▸ WHAT TO DO: How many of the lines in the data contain "calculated"? Give only the number.

[Records from a data collection]
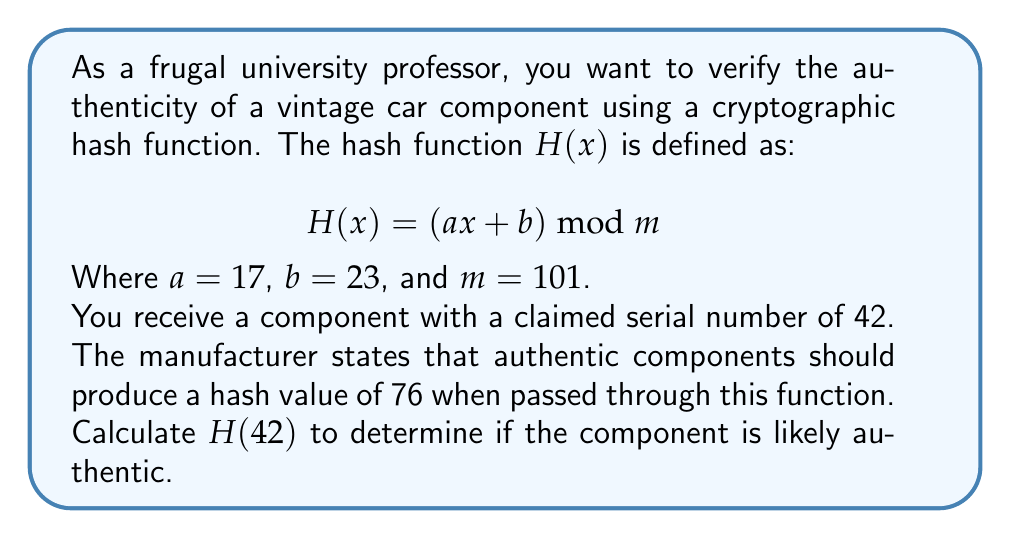Solve this math problem. To determine if the component is likely authentic, we need to calculate $H(42)$ using the given hash function and compare it to the expected value of 76.

Step 1: Substitute the values into the hash function equation:
$$H(42) = (17 \cdot 42 + 23) \bmod 101$$

Step 2: Multiply 17 and 42:
$$H(42) = (714 + 23) \bmod 101$$

Step 3: Add 23 to 714:
$$H(42) = 737 \bmod 101$$

Step 4: Perform the modulo operation:
$737 \div 101 = 7$ remainder $30$
Therefore, $737 \bmod 101 = 30$

Step 5: Compare the result to the expected value:
The calculated hash value (30) does not match the expected value (76).

Conclusion: Since the calculated hash value doesn't match the expected value, the component is likely not authentic.
Answer: 30; likely not authentic 
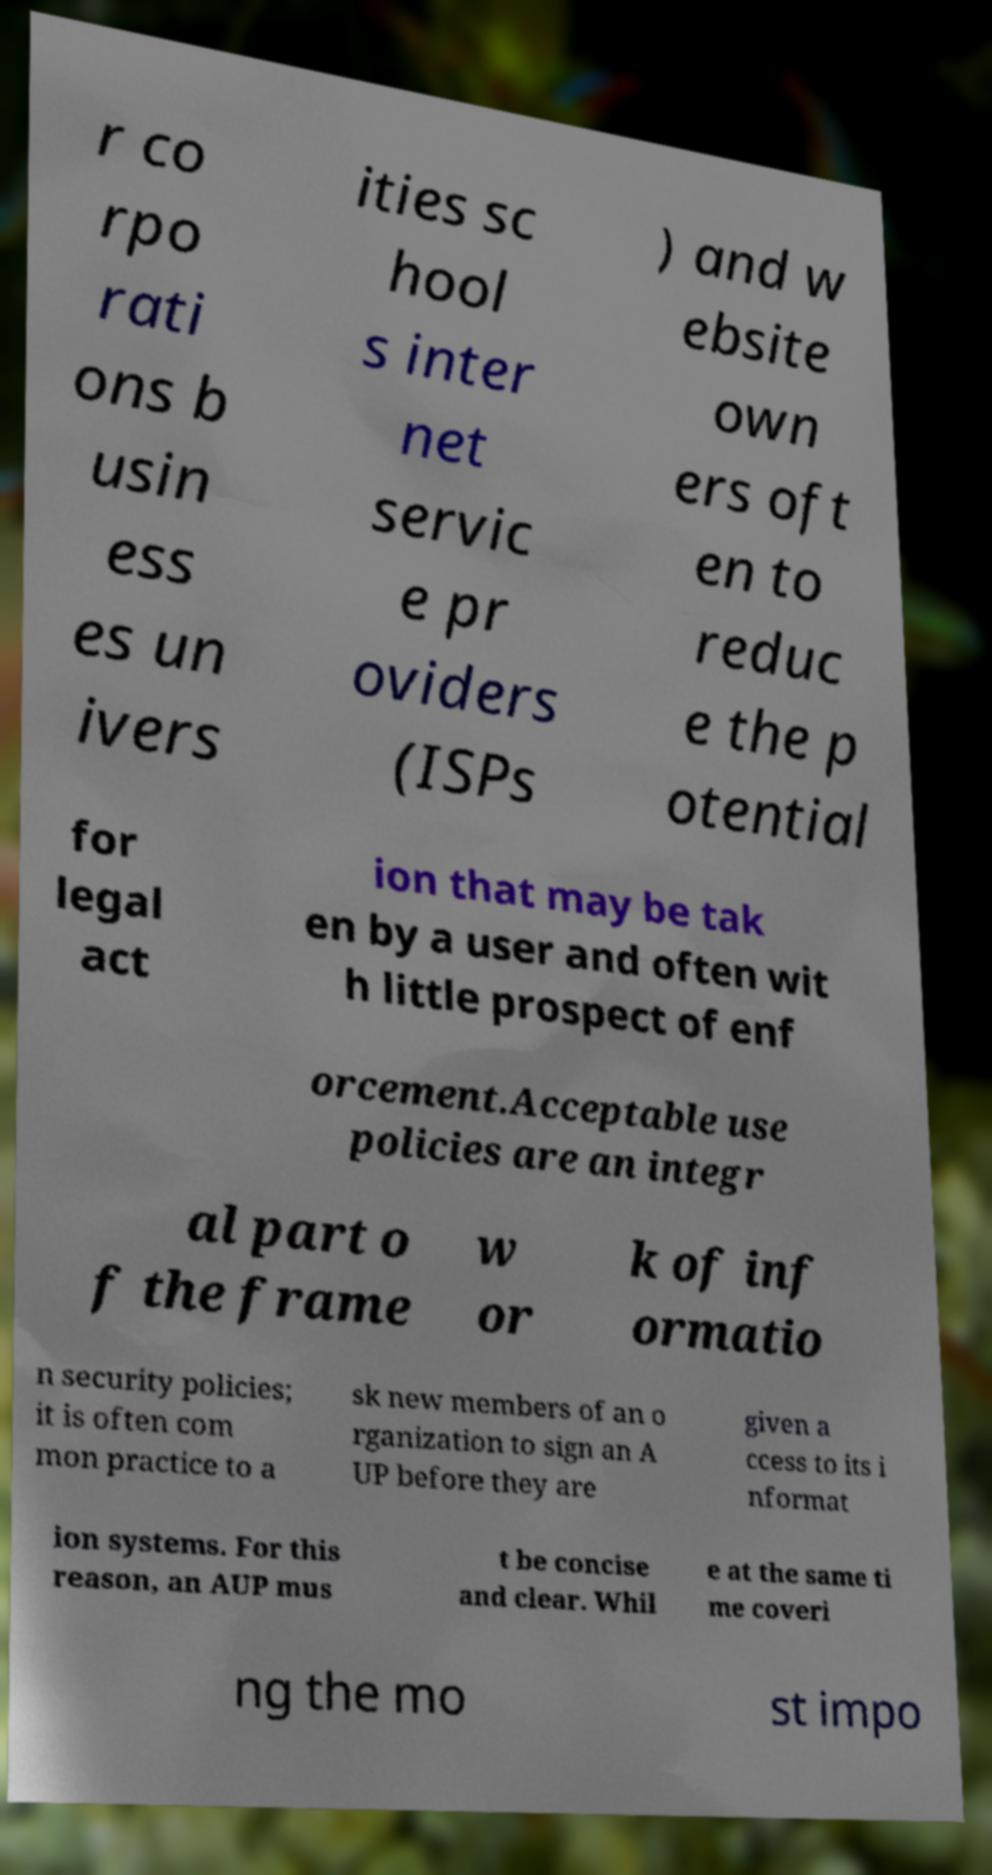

▸ SOLVED PROBLEM: 2